The deal was: DeJuan and Celeste would get rid of the deputy and his car; Teddy’d stay back, do the mom and kid. He’d never shot anyone before, but knew it had to be done and knew he could do it. He didn’t want to spend the rest of his life looking over his shoulder. And with the money he had, it looked like it was going to be a pretty goddamn good life.

Teddy decided to practice in his mind what he was going to do, kept going over it again and again: picturing himself unlocking the door-not saying a word-and just shooting them, two bullets each, in the chest or head, unless he missed or they were still twitching. He had to have a cigarette first. Stood out back, staring out at that beautiful water. When he finished his butt, he’d go in there, get it done.
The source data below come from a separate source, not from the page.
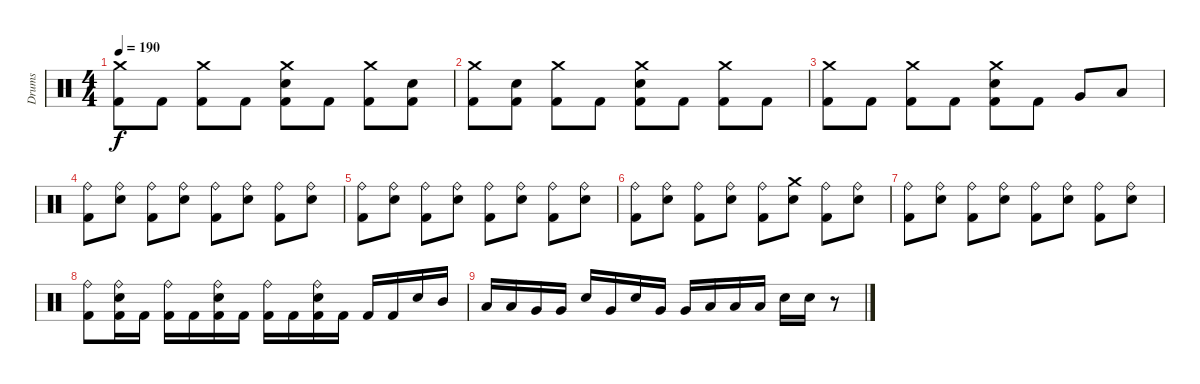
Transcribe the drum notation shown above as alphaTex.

\track ("Drums" "Drums") {instrument percussion}
\staff {score}
\articulation defaults
\ts (4 4)
\tempo 190
\clef neutral
\ks c
("Crash medium (hit)" "Kick (hit) 2").8{dy f} "Kick (hit) 2".8 ("Crash medium (hit)" "Kick (hit) 2").8 "Kick (hit) 2".8 ("Crash medium (hit)" "Electric Snare (hit)" "Kick (hit) 2").8 "Kick (hit) 2".8 ("Crash medium (hit)" "Kick (hit) 2").8 ("Electric Snare (hit)" "Kick (hit) 2").8 |
("Crash medium (hit)" "Kick (hit) 2").8 ("Electric Snare (hit)" "Kick (hit) 2").8 ("Crash medium (hit)" "Kick (hit) 2").8 "Kick (hit) 2".8 ("Crash medium (hit)" "Electric Snare (hit)" "Kick (hit) 2").8 "Kick (hit) 2".8 ("Crash medium (hit)" "Kick (hit) 2").8 "Kick (hit) 2".8 |
("Crash medium (hit)" "Kick (hit) 2").8 "Kick (hit) 2".8 ("Crash medium (hit)" "Kick (hit) 2").8 "Kick (hit) 2".8 ("Crash medium (hit)" "Electric Snare (hit)" "Kick (hit) 2").8 "Kick (hit) 2".8 "Very Low Tom (hit)".8 "Low Floor Tom (hit)".8 |
("Ride (bell)" "Kick (hit) 2").8 ("Ride (bell)" "Electric Snare (hit)").8 ("Ride (bell)" "Kick (hit) 2").8 ("Ride (bell)" "Electric Snare (hit)").8 ("Ride (bell)" "Kick (hit) 2").8 ("Ride (bell)" "Electric Snare (hit)").8 ("Ride (bell)" "Kick (hit) 2").8 ("Ride (bell)" "Electric Snare (hit)").8 |
("Ride (bell)" "Kick (hit) 2").8 ("Ride (bell)" "Electric Snare (hit)").8 ("Ride (bell)" "Kick (hit) 2").8 ("Ride (bell)" "Electric Snare (hit)").8 ("Ride (bell)" "Kick (hit) 2").8 ("Ride (bell)" "Electric Snare (hit)").8 ("Ride (bell)" "Kick (hit) 2").8 ("Ride (bell)" "Electric Snare (hit)").8 |
("Ride (bell)" "Kick (hit) 2").8 ("Ride (bell)" "Electric Snare (hit)").8 ("Ride (bell)" "Kick (hit) 2").8 ("Ride (bell)" "Electric Snare (hit)").8 ("Ride (bell)" "Kick (hit) 2").8 ("Crash medium (hit)" "Electric Snare (hit)").8 ("Ride (bell)" "Kick (hit) 2").8 ("Ride (bell)" "Electric Snare (hit)").8 |
("Ride (bell)" "Kick (hit) 2").8 ("Ride (bell)" "Electric Snare (hit)").8 ("Ride (bell)" "Kick (hit) 2").8 ("Ride (bell)" "Electric Snare (hit)").8 ("Ride (bell)" "Kick (hit) 2").8 ("Ride (bell)" "Electric Snare (hit)").8 ("Ride (bell)" "Kick (hit) 2").8 ("Ride (bell)" "Electric Snare (hit)").8 |
("Ride (bell)" "Kick (hit) 2").8 ("Ride (bell)" "Electric Snare (hit)" "Kick (hit) 2").16 "Kick (hit) 2".16 ("Ride (bell)" "Kick (hit) 2").16 "Kick (hit) 2".16 ("Ride (bell)" "Electric Snare (hit)" "Kick (hit) 2").16 "Kick (hit) 2".16 ("Ride (bell)" "Kick (hit) 2").16 "Kick (hit) 2".16 ("Ride (bell)" "Electric Snare (hit)" "Kick (hit) 2").16 "Kick (hit) 2".16 "Kick (hit) 2".16 "Kick (hit) 2".16 "Electric Snare (hit)".16 "Mid Tom (hit)".16 |
"Low Tom (hit)".16 "Low Tom (hit)".16 "Very Low Tom (hit)".16 "Very Low Tom (hit)".16 "Electric Snare (hit)".16 "Very Low Tom (hit)".16 "Electric Snare (hit)".16 "Very Low Tom (hit)".16 "Very Low Tom (hit)".16 "Low Floor Tom (hit)".16 "Low Floor Tom (hit)".16 "Low Floor Tom (hit)".16 "Electric Snare (hit)".16 "Electric Snare (hit)".16 r.8

Luke turned the handle on the window, pulled and it swung open into the room. He stuck his head out and looked down and saw Camo right below him, smoking a cigarette. He could see a gun in the waist of his Levi’s. Luke ducked his head back in and sat there, trying not to make noise. His mom looked up and he signaled to her with his index finger over his mouth, telling her not to say anything. He motioned that somebody was out there. From an angle inside the rafters, he watched Camo walk about ten feet, take a final drag on his cigarette, and throw it toward the tree line and move toward the back door of the lodge.

Luke said, “He’s gone.”

He waved to his mom and went through the window and stood on the sill and reached up for the roof.

Kate was about to climb up and follow Luke when she noticed the trap. It was in the corner leaning against the wall, a Sleepy Creek number 6 coil-spring bear trap. Owen bought it but never used it, thinking after the fact that it was cheating. You hunt a bear, you don’t trap it. Where’s the sport in that?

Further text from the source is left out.